- Dakshin Rampur Location in West Bengal, India Dakshin Rampur Dakshin Rampur (India)
- Coordinates: 26°28′02″N 89°48′56″E﻿ / ﻿26.4672°N 89.8155°E
- Country: India
- State: West Bengal
- District: Coochbehar

Area
- • Total: 3.4884 km^{2} (1.3469 sq mi)

Population (2011)
- • Total: 6,932
- • Density: 1,987/km^{2} (5,147/sq mi)
- Time zone: UTC+5:30 (IST)
- PIN: 736207
- Telephone/STD code: 03661
- Vehicle registration: WB
- Lok Sabha constituency: Alipurduars
- Vidhan Sabha constituency: Kumargram
- Website: alipurduar.gov.in

= Dakshin Rampur =

Dakshin Rampur is a census town in the Kumargram CD block in the Alipurduar subdivision of the Alipurduar district in the state of West Bengal, India.

==Geography==

===Location===
Dakshin Rampur is located at .

===Area overview===
Alipurduar district is covered by two maps. It is an extensive area in the eastern end of the Dooars in West Bengal. It is undulating country, largely forested, with numerous rivers flowing down from the outer ranges of the Himalayas in Bhutan. It is a predominantly rural area with 79.38% of the population living in the rural areas. The district has 1 municipal town and 20 census towns and that means that 20.62% of the population lives in the urban areas. The scheduled castes and scheduled tribes, taken together, form more than half the population in all the six community development blocks in the district. There is a high concentration of tribal people (scheduled tribes) in the three northern blocks of the district.

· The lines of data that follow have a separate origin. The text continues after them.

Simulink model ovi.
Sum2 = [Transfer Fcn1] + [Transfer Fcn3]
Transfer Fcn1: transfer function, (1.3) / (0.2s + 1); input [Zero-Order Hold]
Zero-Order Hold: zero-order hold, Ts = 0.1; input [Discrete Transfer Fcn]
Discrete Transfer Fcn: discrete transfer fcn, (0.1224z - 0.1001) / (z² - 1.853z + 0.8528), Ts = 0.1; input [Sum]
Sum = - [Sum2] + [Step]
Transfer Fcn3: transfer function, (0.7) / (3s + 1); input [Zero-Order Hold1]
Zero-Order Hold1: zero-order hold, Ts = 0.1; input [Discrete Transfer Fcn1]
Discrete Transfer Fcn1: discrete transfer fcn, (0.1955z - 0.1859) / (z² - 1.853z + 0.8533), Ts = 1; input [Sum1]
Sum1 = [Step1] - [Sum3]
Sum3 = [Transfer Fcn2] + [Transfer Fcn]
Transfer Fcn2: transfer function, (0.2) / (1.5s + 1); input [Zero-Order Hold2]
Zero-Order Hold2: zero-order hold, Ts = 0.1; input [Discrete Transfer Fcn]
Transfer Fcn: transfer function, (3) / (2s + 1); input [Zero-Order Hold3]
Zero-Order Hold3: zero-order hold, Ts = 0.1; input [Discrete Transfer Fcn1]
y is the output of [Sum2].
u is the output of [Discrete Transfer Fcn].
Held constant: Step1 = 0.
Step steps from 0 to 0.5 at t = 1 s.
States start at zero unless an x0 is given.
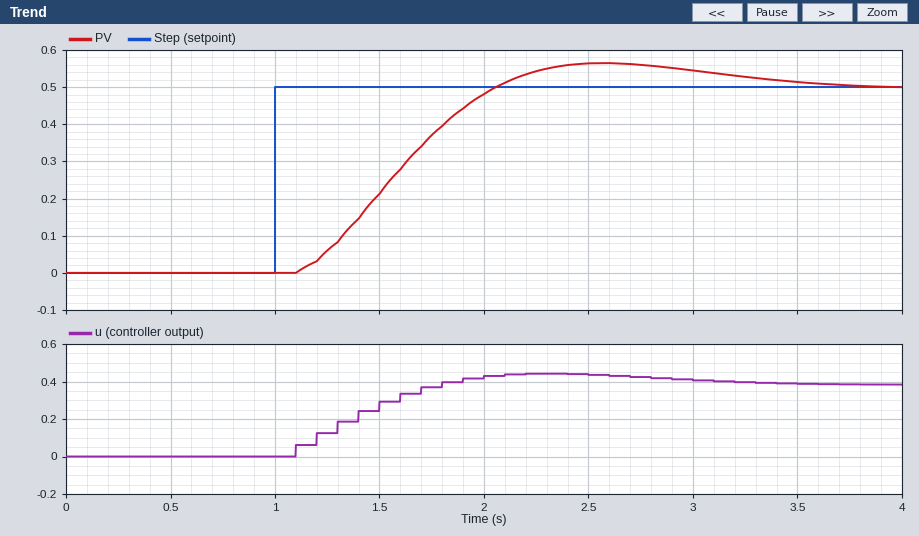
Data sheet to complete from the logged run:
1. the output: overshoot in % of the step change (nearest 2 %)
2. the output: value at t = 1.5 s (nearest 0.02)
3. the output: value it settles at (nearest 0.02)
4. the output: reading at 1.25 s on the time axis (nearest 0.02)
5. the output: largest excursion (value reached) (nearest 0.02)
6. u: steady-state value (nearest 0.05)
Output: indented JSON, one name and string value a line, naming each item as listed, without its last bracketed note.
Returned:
{
  "the output: overshoot in % of the step change": "12 %",
  "the output: value at t = 1.5 s": "0.22",
  "the output: value it settles at": "0.50",
  "the output: reading at 1.25 s on the time axis": "0.06",
  "the output: largest excursion (value reached)": "0.56",
  "u: steady-state value": "0.40"
}
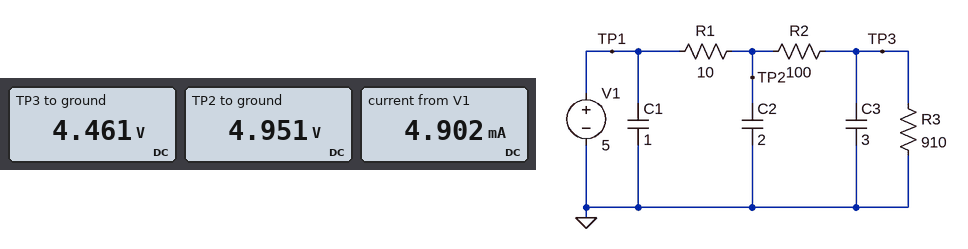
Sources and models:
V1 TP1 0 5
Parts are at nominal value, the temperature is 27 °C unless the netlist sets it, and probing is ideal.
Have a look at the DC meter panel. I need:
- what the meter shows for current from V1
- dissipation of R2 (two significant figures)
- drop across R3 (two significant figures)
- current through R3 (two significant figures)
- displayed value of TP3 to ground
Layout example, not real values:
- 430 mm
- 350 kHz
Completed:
- 4.902 mA
- 2.4 mW
- 4.5 V
- 4.9 mA
- 4.461 V
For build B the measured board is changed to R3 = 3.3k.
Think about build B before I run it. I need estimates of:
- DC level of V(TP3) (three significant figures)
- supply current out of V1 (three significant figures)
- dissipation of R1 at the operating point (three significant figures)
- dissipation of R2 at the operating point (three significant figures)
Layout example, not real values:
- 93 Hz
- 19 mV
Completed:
- 4.84 V
- 1.47 mA
- 21.5 µW
- 215 µW
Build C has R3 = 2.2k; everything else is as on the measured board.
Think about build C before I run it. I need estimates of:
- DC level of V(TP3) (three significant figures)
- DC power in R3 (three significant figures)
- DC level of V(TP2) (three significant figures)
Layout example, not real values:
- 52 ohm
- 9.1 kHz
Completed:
- 4.76 V
- 10.3 mW
- 4.98 V
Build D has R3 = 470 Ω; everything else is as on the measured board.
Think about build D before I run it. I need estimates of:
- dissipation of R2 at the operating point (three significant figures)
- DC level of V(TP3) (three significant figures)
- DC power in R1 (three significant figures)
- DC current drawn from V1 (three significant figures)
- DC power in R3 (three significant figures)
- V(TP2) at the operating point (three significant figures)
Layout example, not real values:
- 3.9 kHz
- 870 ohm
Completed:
- 7.43 mW
- 4.05 V
- 743 µW
- 8.62 mA
- 34.9 mW
- 4.91 V
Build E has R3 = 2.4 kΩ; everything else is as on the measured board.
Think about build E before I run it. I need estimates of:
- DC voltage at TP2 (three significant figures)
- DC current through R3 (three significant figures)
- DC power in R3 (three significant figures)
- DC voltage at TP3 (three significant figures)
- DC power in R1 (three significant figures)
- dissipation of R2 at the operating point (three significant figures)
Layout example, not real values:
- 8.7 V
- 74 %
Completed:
- 4.98 V
- 1.99 mA
- 9.52 mW
- 4.78 V
- 39.7 µW
- 397 µW
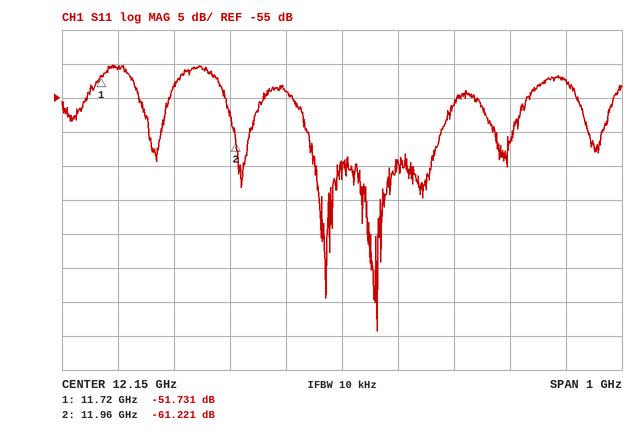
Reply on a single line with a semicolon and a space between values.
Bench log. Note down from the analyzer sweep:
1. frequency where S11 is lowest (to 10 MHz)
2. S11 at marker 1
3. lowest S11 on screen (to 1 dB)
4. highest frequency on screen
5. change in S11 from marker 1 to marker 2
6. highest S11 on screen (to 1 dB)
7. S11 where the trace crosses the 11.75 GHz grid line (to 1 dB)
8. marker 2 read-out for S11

12.21 GHz; -51.731 dB; -89 dB; 12.65 GHz; -9.490 dB; -50 dB; -51 dB; -61.221 dB
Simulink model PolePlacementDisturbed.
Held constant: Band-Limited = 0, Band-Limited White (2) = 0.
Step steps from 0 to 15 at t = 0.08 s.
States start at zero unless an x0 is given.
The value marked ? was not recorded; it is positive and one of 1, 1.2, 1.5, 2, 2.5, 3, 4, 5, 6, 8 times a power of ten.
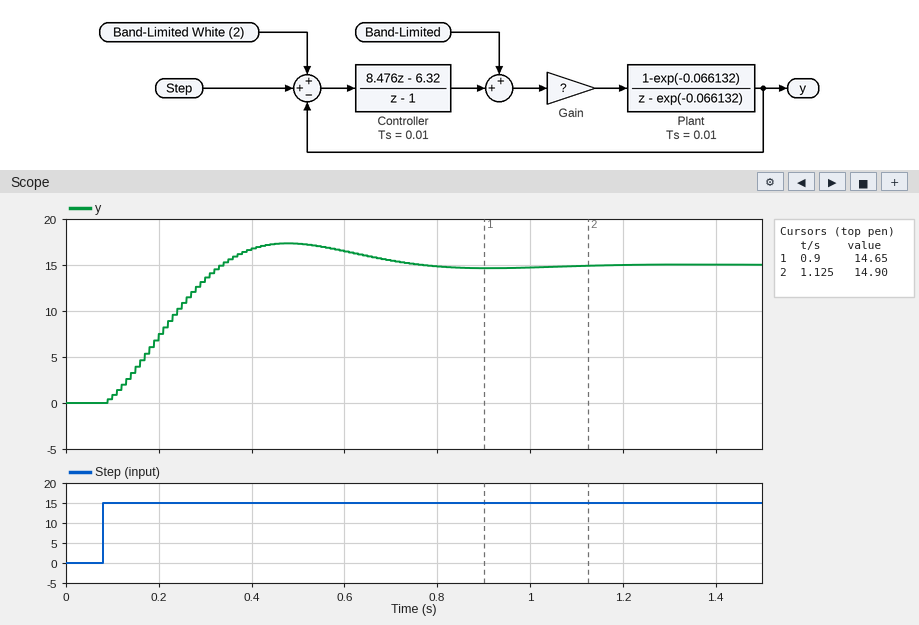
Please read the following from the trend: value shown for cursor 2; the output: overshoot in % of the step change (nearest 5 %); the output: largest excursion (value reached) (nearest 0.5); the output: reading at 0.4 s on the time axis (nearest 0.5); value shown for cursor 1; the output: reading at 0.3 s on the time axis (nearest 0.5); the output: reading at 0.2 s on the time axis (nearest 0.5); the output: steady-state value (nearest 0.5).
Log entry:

Note: The map alongside presents some of the notable locations in the subdivision. All places marked in the map are linked in the larger full screen map.

==Demographics==
As per the 2011 Census of India, Dakshin Rampur had a total population of 6,932. There were 3,298 (52%) males and 3,094 (48%) females. There were 627 persons in the age range of 0 to 6 years. The total number of literate people in Dakshin Rampur was 5,124 (88.88% of the population over 6 years).

==Infrastructure==
According to the District Census Handbook 2011, Jalpaiguri, Dakhin Rampur covered an area of 3.4884 km^{2}. Among the civic amenities, the protected water supply involved overhead tank, tap water from treated source and uncovered well. It had 948 domestic electric connections. Among the medical facilities the nearest maternity/ child welfare centre was 10 km away, the nearest hospital 35 km away. Among the educational facilities it had 3 primary schools, 1 middle school, 1 secondary school,1 senior secondary school, the nearest general degree college at Uttar Kamakhyaguri 8 km away.

==Education==
Saheed Kshudiram College was established at Kamakhyaguri in 1996. Affiliated with the University of North Bengal, it offers courses in arts and science.

==Healthcare==
Kamakhyaguri Rural Hospital, with 30 beds at Kamakhyaguri, is the major government medical facility in the Kumargram CD block.